In the interest of putting history right and dispelling some of these myths NFP has woven around itself, we submit the following facts on their claims.
Who should take credit for the following achievements?
1. Establishment of the Fiji National Provident Fund (FNPF) –
The truth is that if one man has to take credit for initiating the FNPF, it should be Mohammed Ramzan who at the time was President of the Fiji Trades Union Congress and later joined the Alliance Party and served as a Minister. As FTUC President, Mr Ramzan had attended a conference in Malaysia where the Employees Provident Fund (EPF) was discussed. He came away impressed with the notion and did a paper on it. His paper was presented to the Labour Advisory Board which recommended that the concept be adopted.
The legislation for FNPF was introduced by the British Colonial government . They brought in an expert from UK, Ashford, to draft the legislation. He was made an official member of the Legislative Council to pilot the FNPF legislation through in 1966. NFP cannot claim any credit for the FNPF.
2. Establishment of the University of the South Pacific
Initiative for this goes to the Colonial administration. On the eve of their departure from Fiji, the British colonial government conceived the notion of a regional university. As a result, USP was set up in 1968/69.

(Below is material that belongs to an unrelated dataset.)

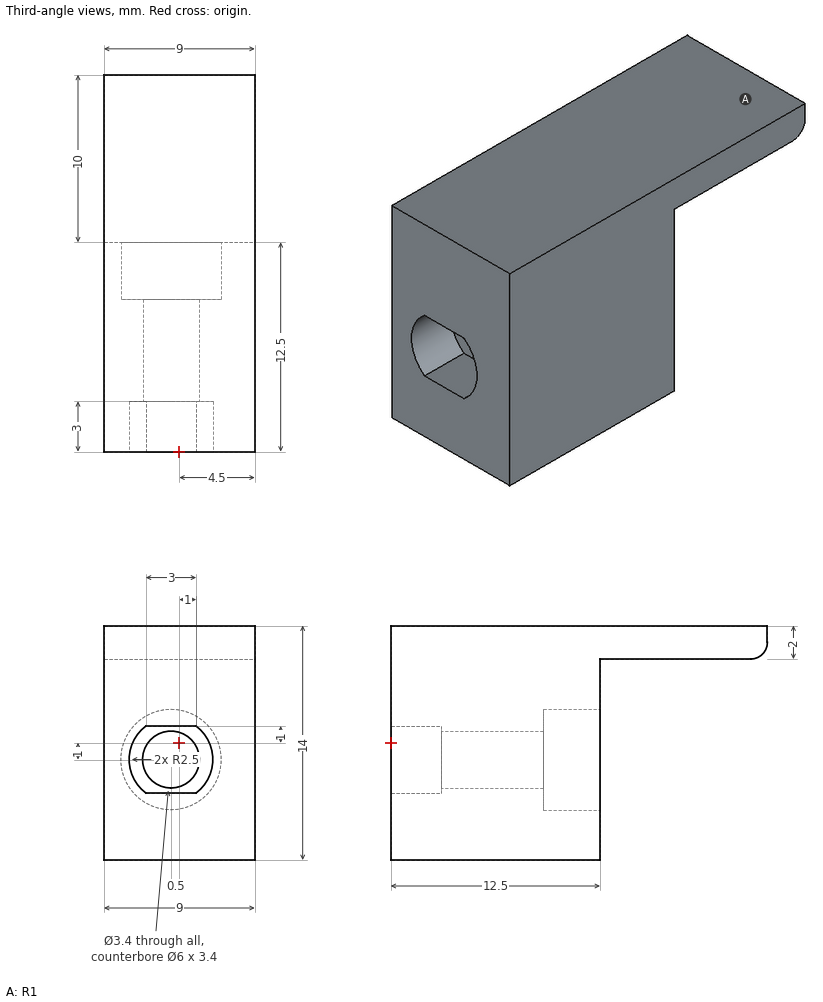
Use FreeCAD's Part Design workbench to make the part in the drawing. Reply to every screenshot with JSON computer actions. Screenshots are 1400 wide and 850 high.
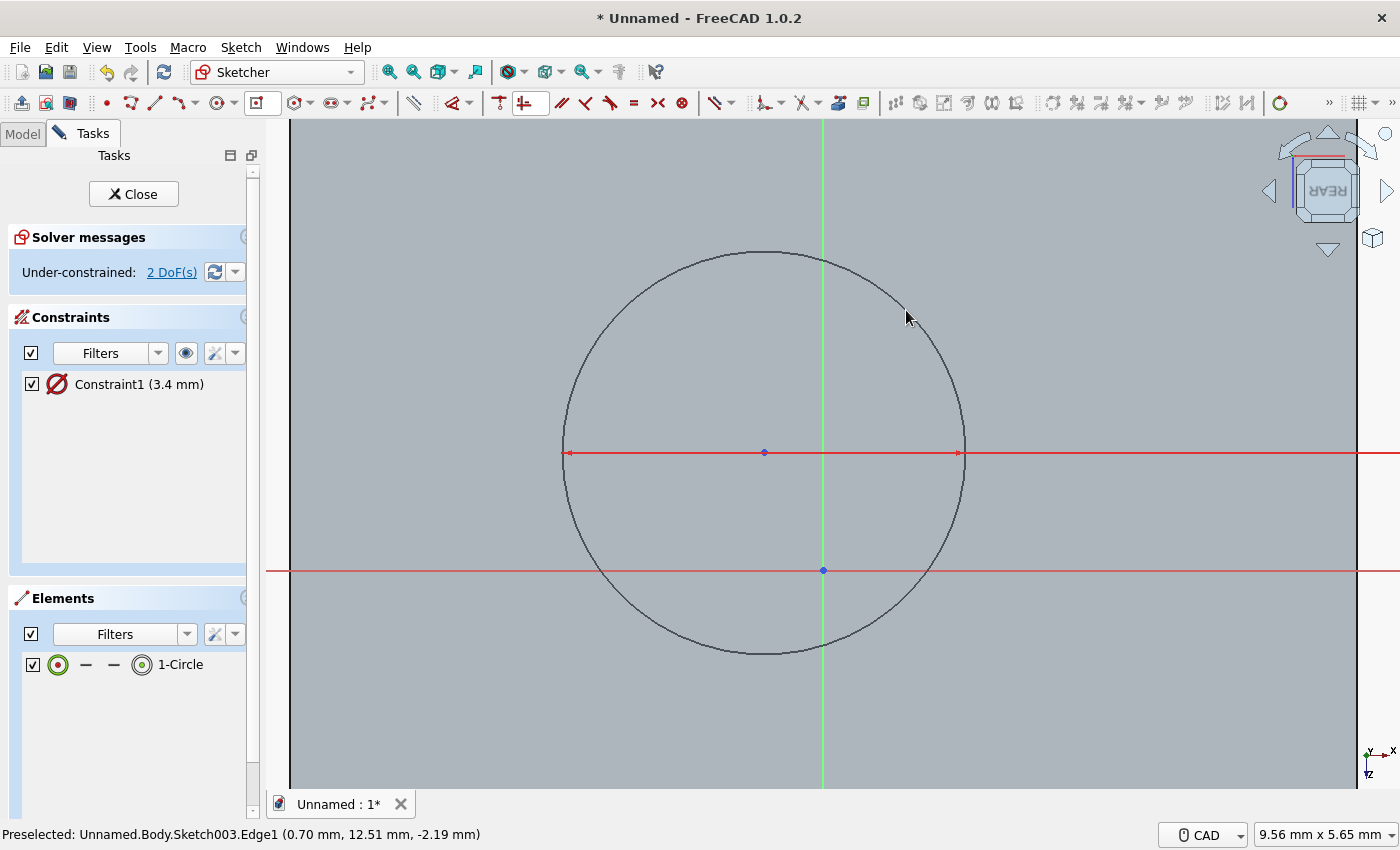
{"action": "key", "text": "d"}

It is important to digress here a little to put the issue in context. In the 1960s the colonial administration introduced a series of constitutional changes to move Fiji towards independence. In 1964, it introduced the membership system (the prelude to Cabinet ministers). Three members were appointed from the three major races – Ratu Mara as Member for Natural Resources, JN Falvey, Member for Communications and AD Patel Member for Social Services. AD Patel had contested the 1963 general election as Citizens Federation (NFP had not been formed at the times). As Member for Social Services, AD Patel had merely steered the USP legislation through the Council.

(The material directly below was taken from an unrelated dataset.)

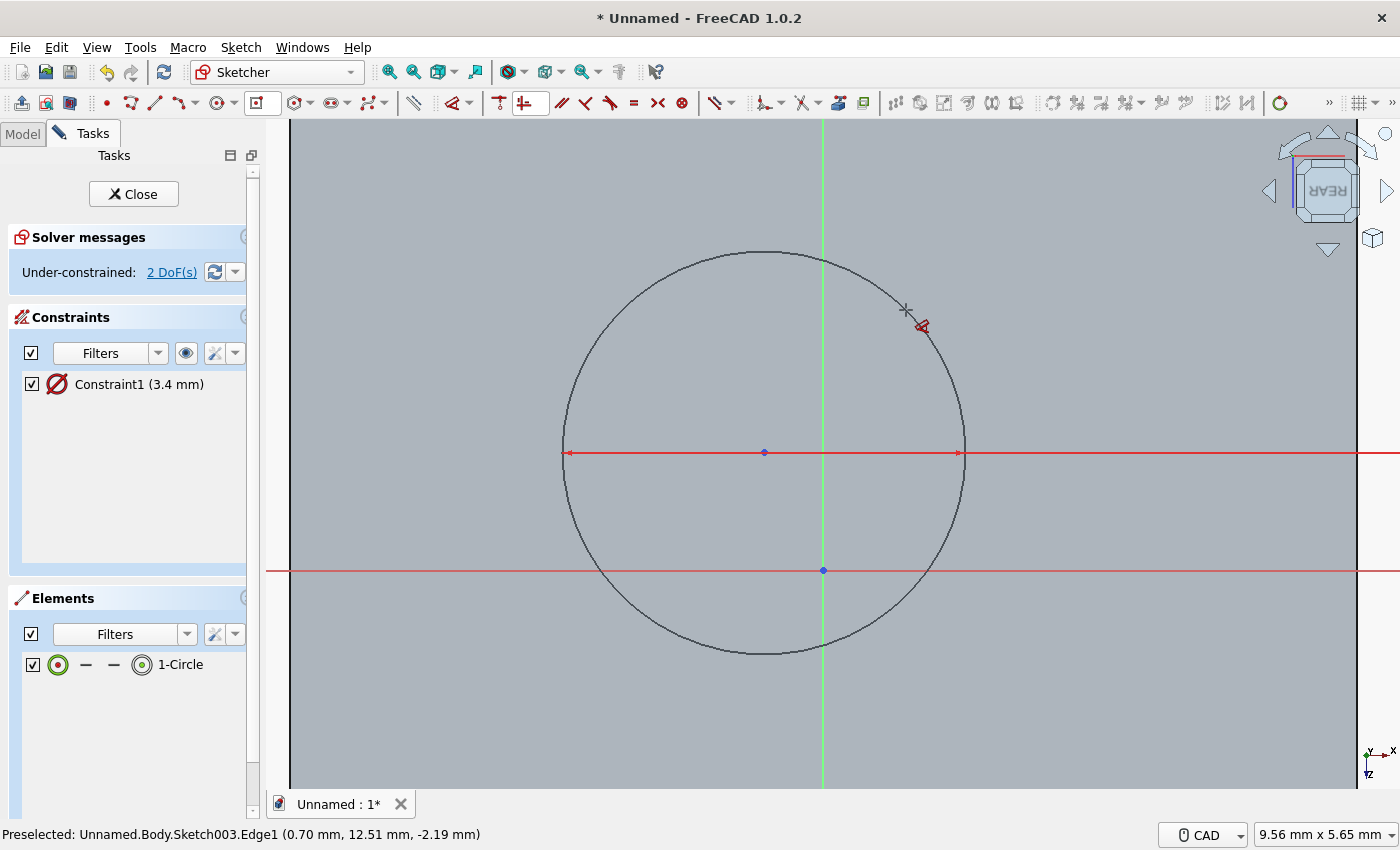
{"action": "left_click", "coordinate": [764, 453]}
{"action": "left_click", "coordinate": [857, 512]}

3. Brought about ALTO in 1966 and ALTA in 1976 – this is a gross lie.
Again, as the British were preparing to leave Fiji, they decided to do something about resolving the land issue for agricultural leases. The land tenure system in practice at the time had many shortcomings and the tenant community was facing a lot of hardship resulting from insecurity of tenure.
In 1961 it set up the Agricultural Landlord and Tenant Committee headed by Attorney General Greenwood. It was the recommendations of the Greenwood Committee that saw the enactment of ALTO in 1966 as an initiative of the colonial government.
ALTA was enacted in 1976 as an amendment to ALTO. It was an Alliance Party legislation with no input from NFP. In fact, the legislation caused a major leadership struggle within the NFP hierarchy, which eventually spilt over into the debacle that happened in April 1977 when NFP failed to form a government. The bitter rivalry and split within NFP, played into Alliance’s hands.
The ALTA Bill had initially proposed 50-year leases to replace the two 10-year extensions offered under ALTO. But when the Alliance saw how severely NFP was divided, it replaced the offer for a 50-year tenure with 30 year leases. The rebel group in the NFP headed by Jai Ram Reddy, Mrs Irene Jai Narayan and Karam Ramrakha voted with Alliance for the 30-year leases thus, giving it the 75% votes necessary to push the legislation through.
Instead of taking credit for ALTA, NFP should admit that its power struggle prevented the farmers from getting 50-year leases in 1976. General elections were held in April 1977 – NFP narrowly won the election because of a major split in Fijian votes caused by Butadroka’s anti-Alliance Party. Instead of presenting a united front and taking over the government, for 4 days NFP bickered among themselves over who should be the prime minister. In the end, the Governor General called Ratu Mara in and asked him to form a minority government. Fiji went to the polls a second time that year, and NFP now divided into the Dove and Flower faction, lost badly.
So the National Federation Party never formed a government, and wrecked the only opportunity it had to do so, by bickering among itself.
4. The 1970 Denning Award – again it is a gross distortion for NFP to claim credit for this. The actual award – the 70/30 sharing of sugar proceeds – was an Alliance Party proposal.
5. The Housing Authority – was also a Colonial government initiative. It was established in 1955 and began operation in 1958, at a time when the National Federation Party was not even formed. Its vision was to provide affordable housing for low income earners. In 1966, the Authority was declared a commercial statutory authority.